--- RECORDS SUPPLIED Enclosed Below ---
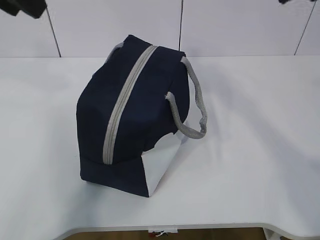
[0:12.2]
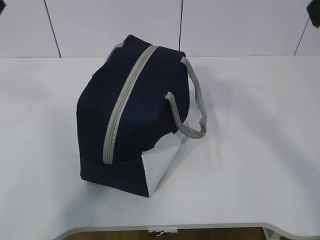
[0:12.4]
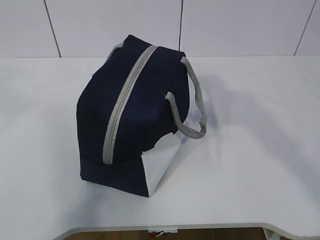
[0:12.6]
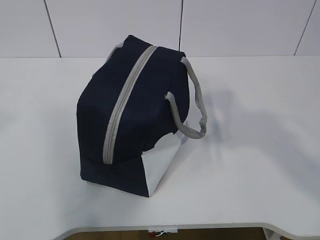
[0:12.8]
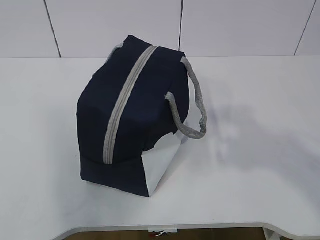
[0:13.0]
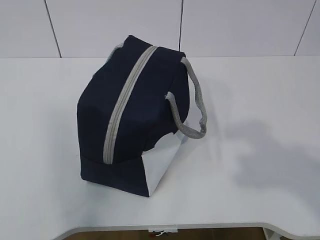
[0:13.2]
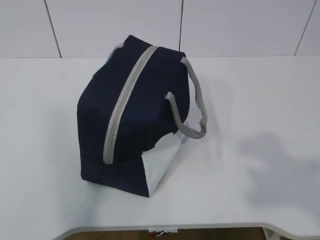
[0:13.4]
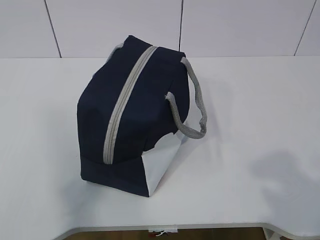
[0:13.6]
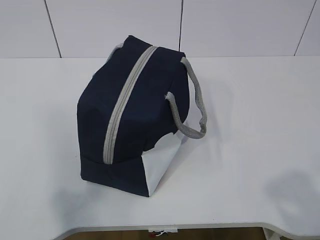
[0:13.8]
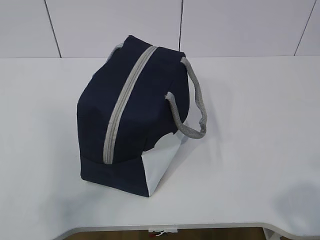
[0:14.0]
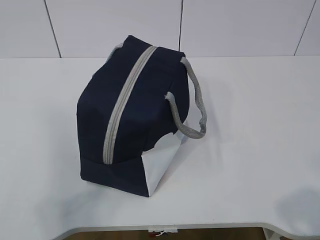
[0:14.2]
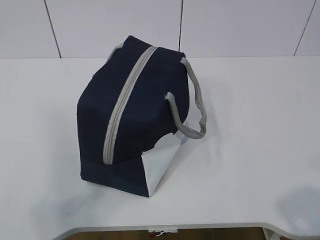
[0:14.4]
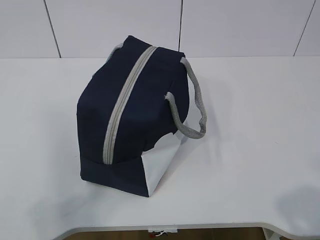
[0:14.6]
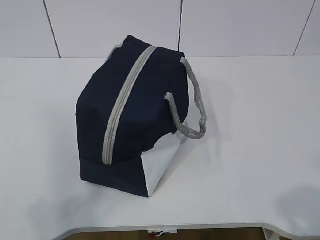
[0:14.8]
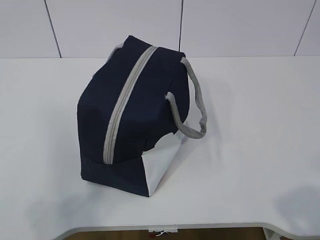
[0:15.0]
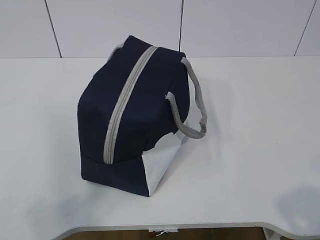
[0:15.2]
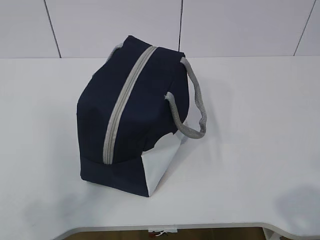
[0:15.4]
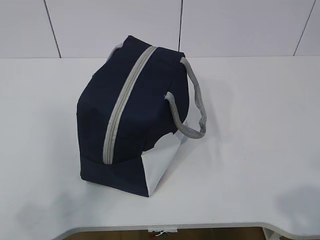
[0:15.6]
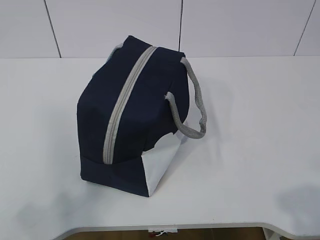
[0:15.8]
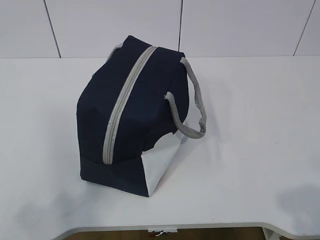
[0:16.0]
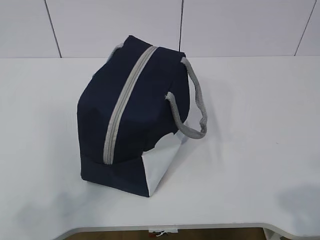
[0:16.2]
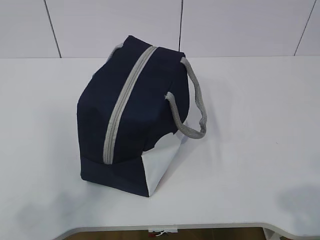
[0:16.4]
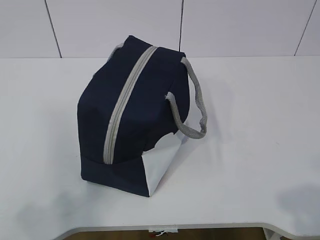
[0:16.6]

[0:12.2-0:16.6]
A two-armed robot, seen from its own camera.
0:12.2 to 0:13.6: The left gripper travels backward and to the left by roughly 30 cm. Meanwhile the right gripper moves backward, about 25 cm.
--- End of Enclosed RECORDS SUPPLIED ---
ABOUT THIS EXERCISE:
From the first line to the last, please copy the data exactly, with the pictures left out.

RESULT OF THE EXERCISE:
[0:12.2]
[0:12.4]
[0:12.6]
[0:12.8]
[0:13.0]
[0:13.2]
[0:13.4]
[0:13.6]
[0:13.8]
[0:14.0]
[0:14.2]
[0:14.4]
[0:14.6]
[0:14.8]
[0:15.0]
[0:15.2]
[0:15.4]
[0:15.6]
[0:15.8]
[0:16.0]
[0:16.2]
[0:16.4]
[0:16.6]

[0:12.2-0:16.6]
A two-armed robot, seen from its own camera.
0:12.2 to 0:13.6: The left gripper travels backward and to the left by roughly 30 cm. Meanwhile the right gripper moves backward, about 25 cm.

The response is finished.